Can someone please help me find the centre of the circle?
Okay guys, this is what I've done so far
So you need to find the perpendicular bisector of two chords
So for chord RS y - (1/11)x = 37/11
And for chord ST y + (11)x = -41
Solving through simultaneous equations, I got x =-4, and y =3 as the centre
But the answer has to be x = 2, and y = -2
Can someone explain to me where I went wrong? :/
On
Roughly plot those points on paper and notice that the slope of line joining the points $r$ and $s$ is let $m_1$=$\frac{1}{11}$ and that of line joining $s$ and $t$ is let $m_2$=$-11$. This tells us that they are perpendicular lines and meet on the circle at point $s$ at right angle and hence $rt$ is the diametre of circle. So centre of circle is midpoint of $r$ and $t$ =$(2,-2)$.
On
The bisector of $ST$ is $y=\dfrac{1}{11}x-\dfrac{24}{11}$.

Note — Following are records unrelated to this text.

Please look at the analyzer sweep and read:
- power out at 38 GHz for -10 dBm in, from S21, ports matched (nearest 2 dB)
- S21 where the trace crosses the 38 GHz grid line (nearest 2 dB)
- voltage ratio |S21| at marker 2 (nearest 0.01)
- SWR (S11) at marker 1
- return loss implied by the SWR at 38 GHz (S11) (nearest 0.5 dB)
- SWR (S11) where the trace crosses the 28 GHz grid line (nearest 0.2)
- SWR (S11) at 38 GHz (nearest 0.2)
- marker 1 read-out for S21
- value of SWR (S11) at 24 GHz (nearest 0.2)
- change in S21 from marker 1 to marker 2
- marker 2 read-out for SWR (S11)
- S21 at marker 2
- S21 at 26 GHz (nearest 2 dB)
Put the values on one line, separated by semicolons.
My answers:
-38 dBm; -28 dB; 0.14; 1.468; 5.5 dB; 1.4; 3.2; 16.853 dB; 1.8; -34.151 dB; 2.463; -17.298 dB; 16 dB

The bisector of $RS$ is $y=-11x+20$.
The contact of $ST$ and $RS$ is $(2,-2)$.
Note that the solution of Michael Rozenberg is genius. Plot points and check that $AC^2=AB^2+BC^2$ so $B=90^\circ$ and $AC$ will be the diameter of the circle, then the center of circle is the midpoint of $AC$.
On
You made two separate but related mistakes. The equation that you have for the perpendicular bisector of $\overline{RS}$ is actually the equation of the line that passes through those two points. You second equation is that of a line parallel to $\overline{ST}$, but that passes through $R$. When you computed their intersection, you of course got back the coordinates of the point $R$.
Without seeing the details of your work, it’s hard to say exactly where you went wrong, but at the very least, it looks like you confused the direction vector of a line with its normal (perpendicular) vector. That is, instead of using the slope $m$ for each of the lines, you ended up getting $-1/m$ instead, which is at right angles to the correct slope.
$(2,-2)$ of course!
Let $A(-4,3)$, $B(7,4)$ and $C(8,-7)$
Hence, $\measuredangle ABC=90^{\circ}$